You might have heard of AWS CloudFormation, but are you familiar with AWS CloudFormation StackSets? It’s a powerful infrastructure provisioning service in AWS that simplifies multi-account, multi-region deployments and can be very useful to have in your toolbox 🔧 While powerful, StackSets comes with some limitations and surprising behaviors that aren’t well-documented. Strap in to learn more!

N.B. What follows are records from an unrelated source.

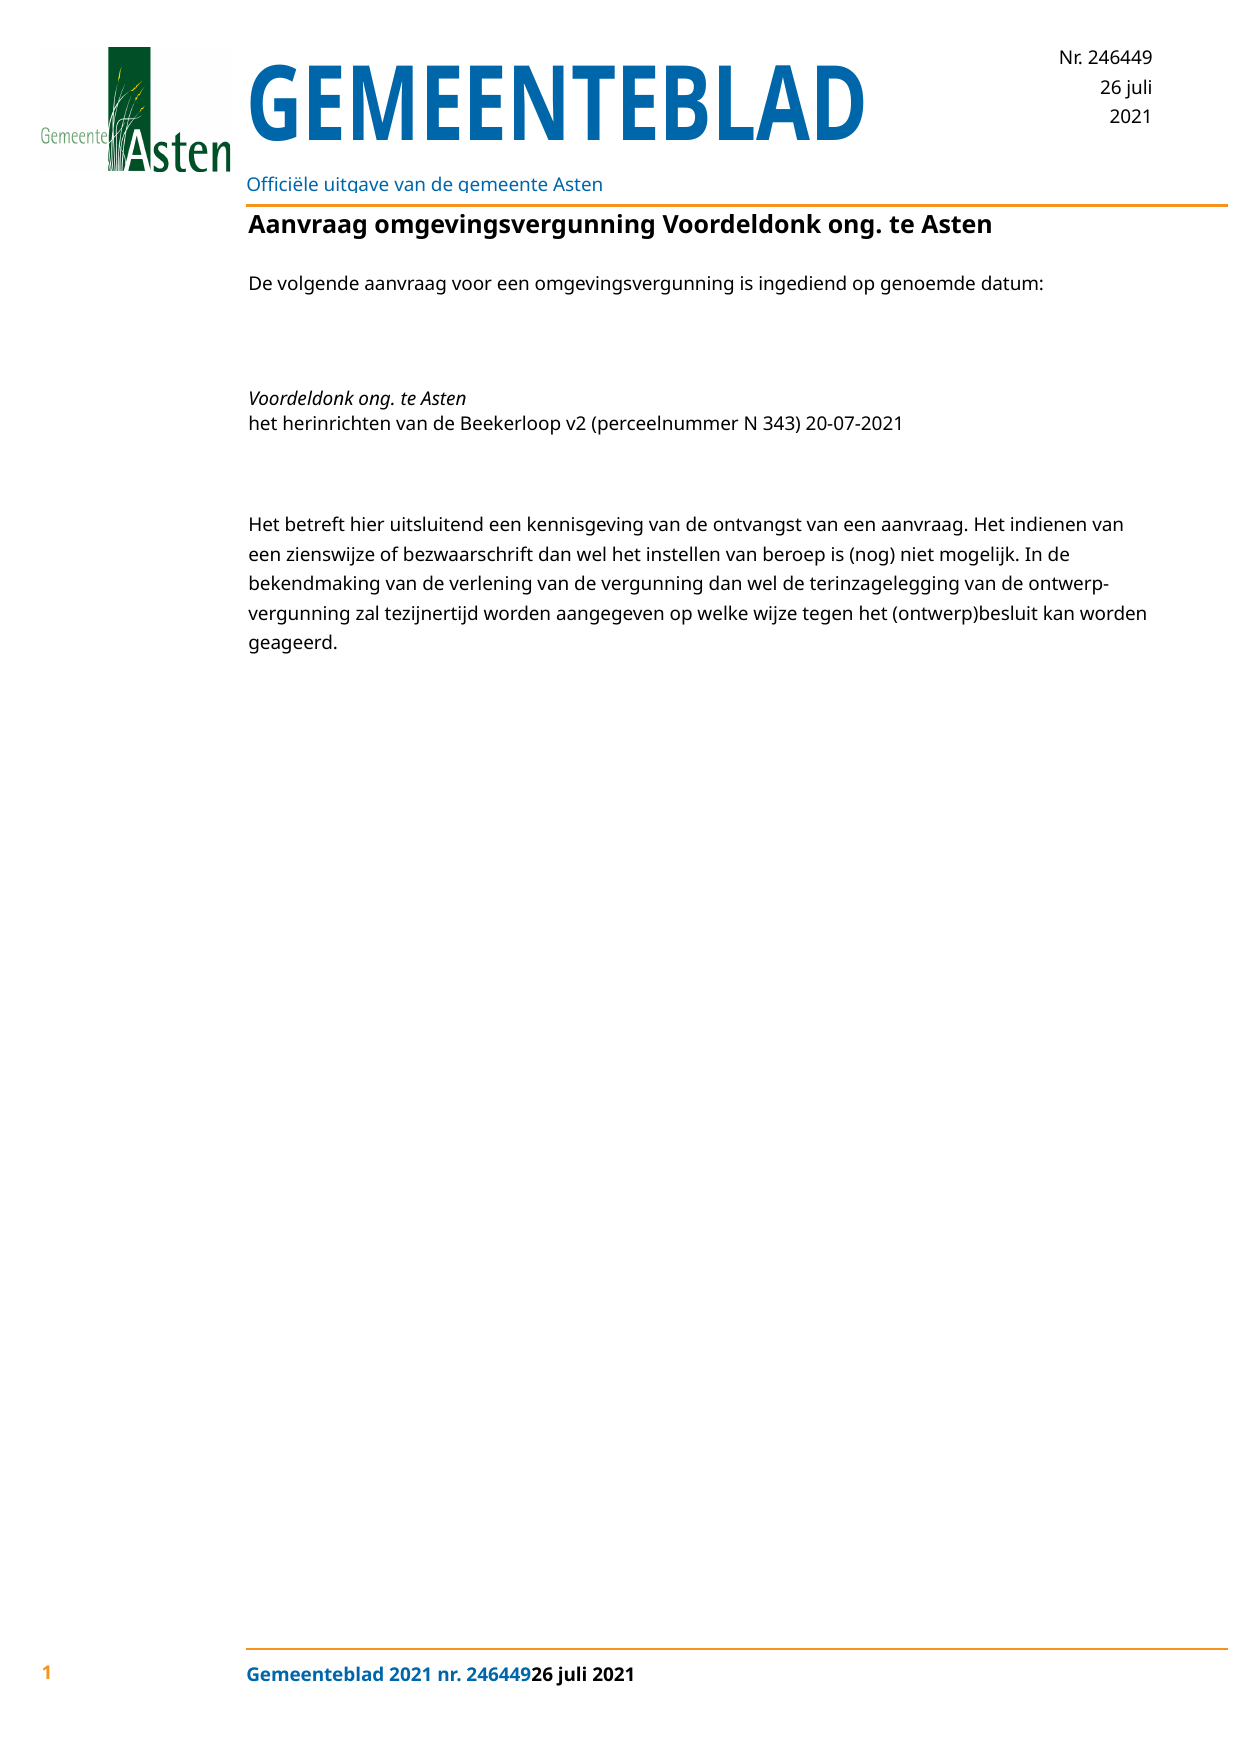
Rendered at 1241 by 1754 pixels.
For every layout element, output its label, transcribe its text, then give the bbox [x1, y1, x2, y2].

text Voordeldonk ong. te Asten [248, 385, 1152, 410]
text het herinrichten van de Beekerloop v2 (perceelnummer N 343) 20-07-2021 [248, 410, 1152, 436]
text De volgende aanvraag voor een omgevingsvergunning is ingediend op genoemde datum: [248, 270, 1152, 296]
picture [41, 47, 231, 172]
text Het betreft hier uitsluitend een kennisgeving van de ontvangst van een aanvraag. Het indienen van een zienswijze of bezwaarschrift dan wel het instellen van beroep is (nog) niet mogelijk. In de bekendmaking van de verlening van de vergunning dan wel de terinzagelegging van de ontwerp-vergunning zal tezijnertijd worden aangegeven op welke wijze tegen het (ontwerp)besluit kan worden geageerd. [248, 511, 1152, 655]
text Aanvraag omgevingsvergunning Voordeldonk ong. te Asten [248, 207, 1152, 241]
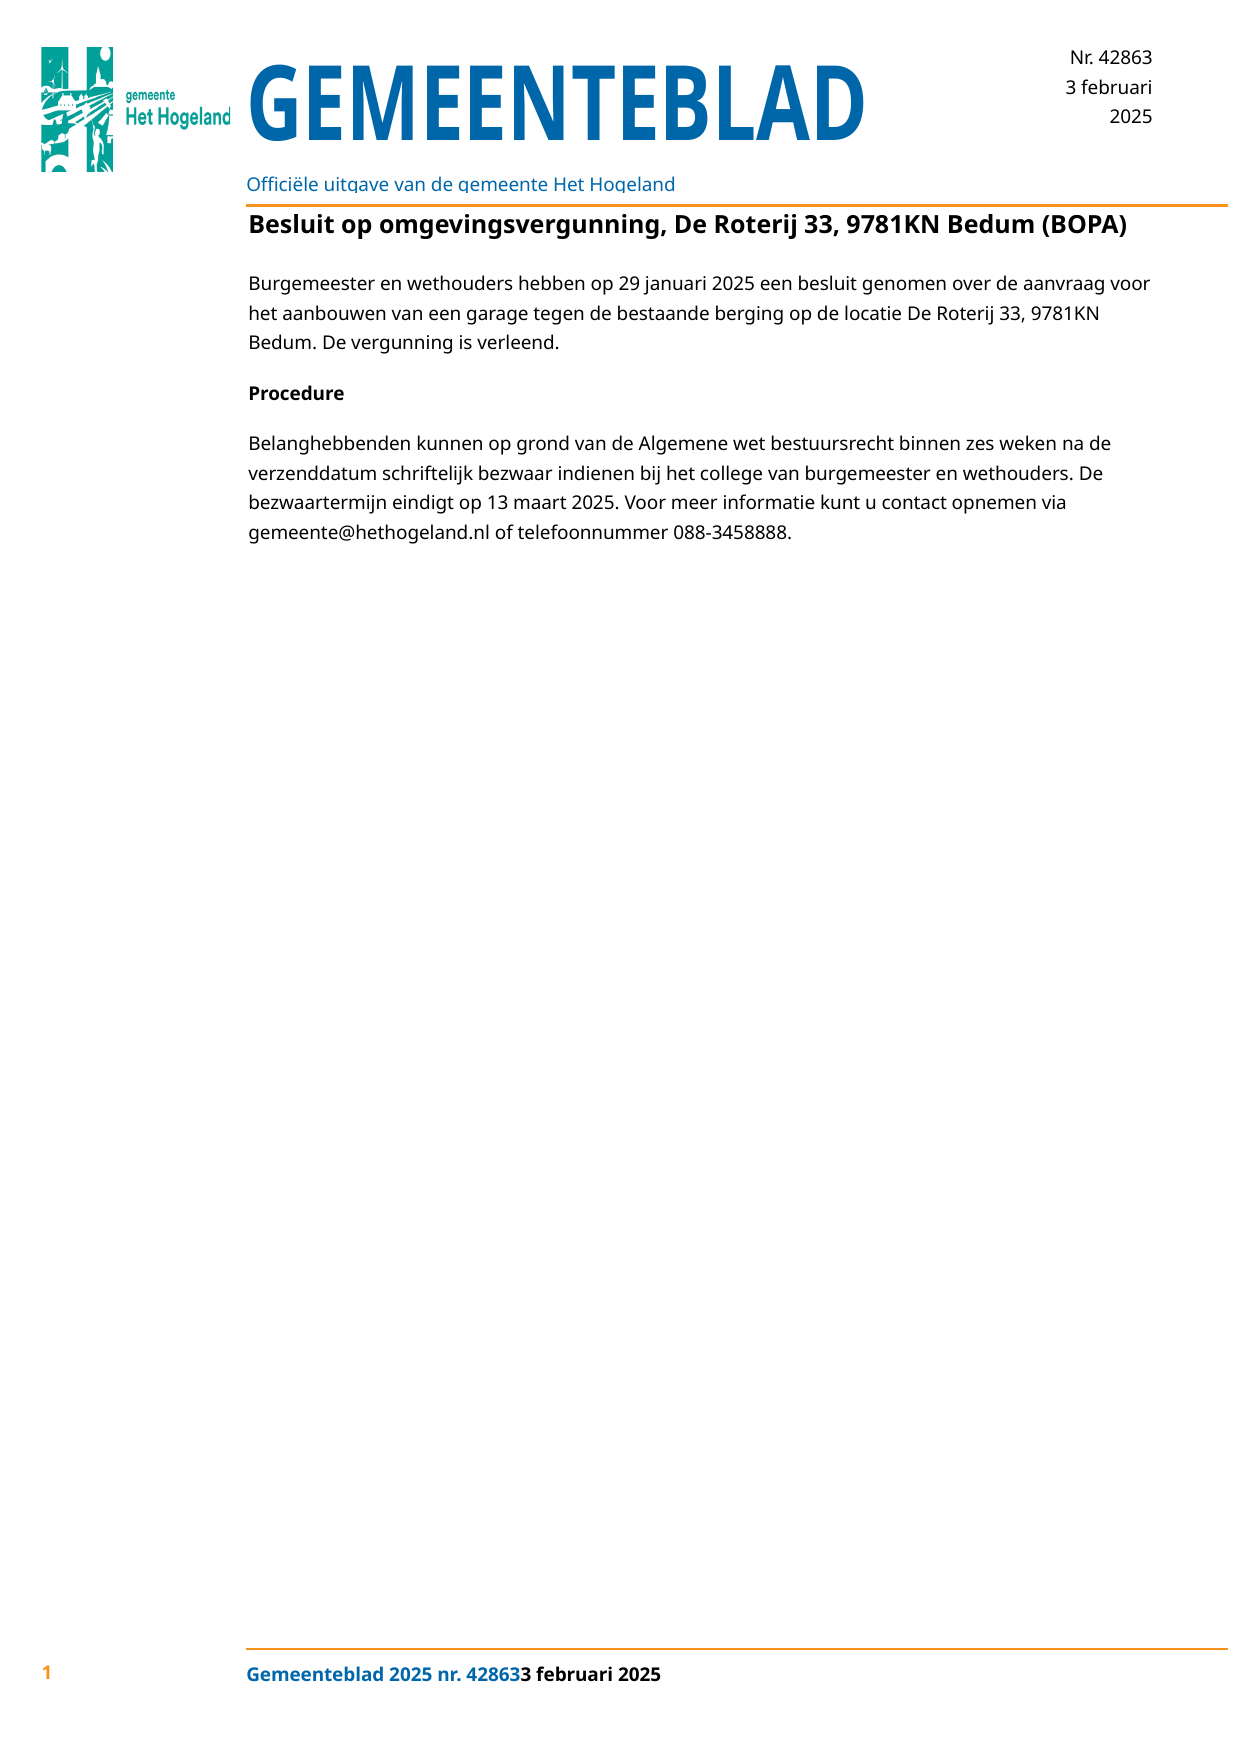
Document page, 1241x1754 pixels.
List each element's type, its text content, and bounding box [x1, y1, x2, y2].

This article serves as a summary of the most important things I’ve learned about StackSets to date. I’d love to hear your thoughts if you spot any errors, disagree with my observations, or have additional insights to share. If you’re already quite familiar with StackSets, you can probably skip to the Gotchas and Guidelines sections to see if my experiences match yours.

Table of contents

Introduction

At its simplest CloudFormation is the native infrastructure as code (IaC) engine for provisioning and managing infrastructure resources in AWS. It revolves around organizing your resources into an isolated container called a stack. You create a stack based on a CloudFormation template in JSON or YAML, hand it over to CloudFormation, and it tries its best to make reality reflect your template.

StackSets on the other hand is a service that solves a related, but different issue. Namely the act of managing the deployment of such stacks across tens, hundreds and even thousands of combinations of AWS accounts and regions. You give StackSets a CloudFormation template in JSON or YAML together with a set of target AWS accounts and regions, desired level of parallelism, and StackSets takes care of the rest! It creates and manages the stacks, detects when they need to be updated based on changes in the template, and so on. While you wouldn’t typically use StackSets for deploying your typical application workloads, it shines when you need to manage standardized infrastructure across many AWS accounts. This is a very powerful concept that allows you to centrally set up governance, security or various foundational resources such as billing alarms, IAM roles, DNS zones, OpenID Connect Providers (e.g., for GitHub Actions), IaC bootstrapping resources (e.g., for AWS CDK, Terraform or Pulumi), etc. The sky (the cloud?) is the limit ☁️

You could achieve the same capability in various other ways: using Terraform and multiple AWS providers, through open-source solutions like org-formation, building a custom pipeline using GitHub Actions, CodePipeline et al, or through (what over time risks becoming a complex amalgamation of) custom scripts (that can become scary to use after a while!). With that said, once you’re working with at least a double-digit number of account-region combinations that you want to deploy infrastructure to, you probably should consider StackSets. It’s managed, well integrated with AWS, and when it works as expected, it’s quite nice!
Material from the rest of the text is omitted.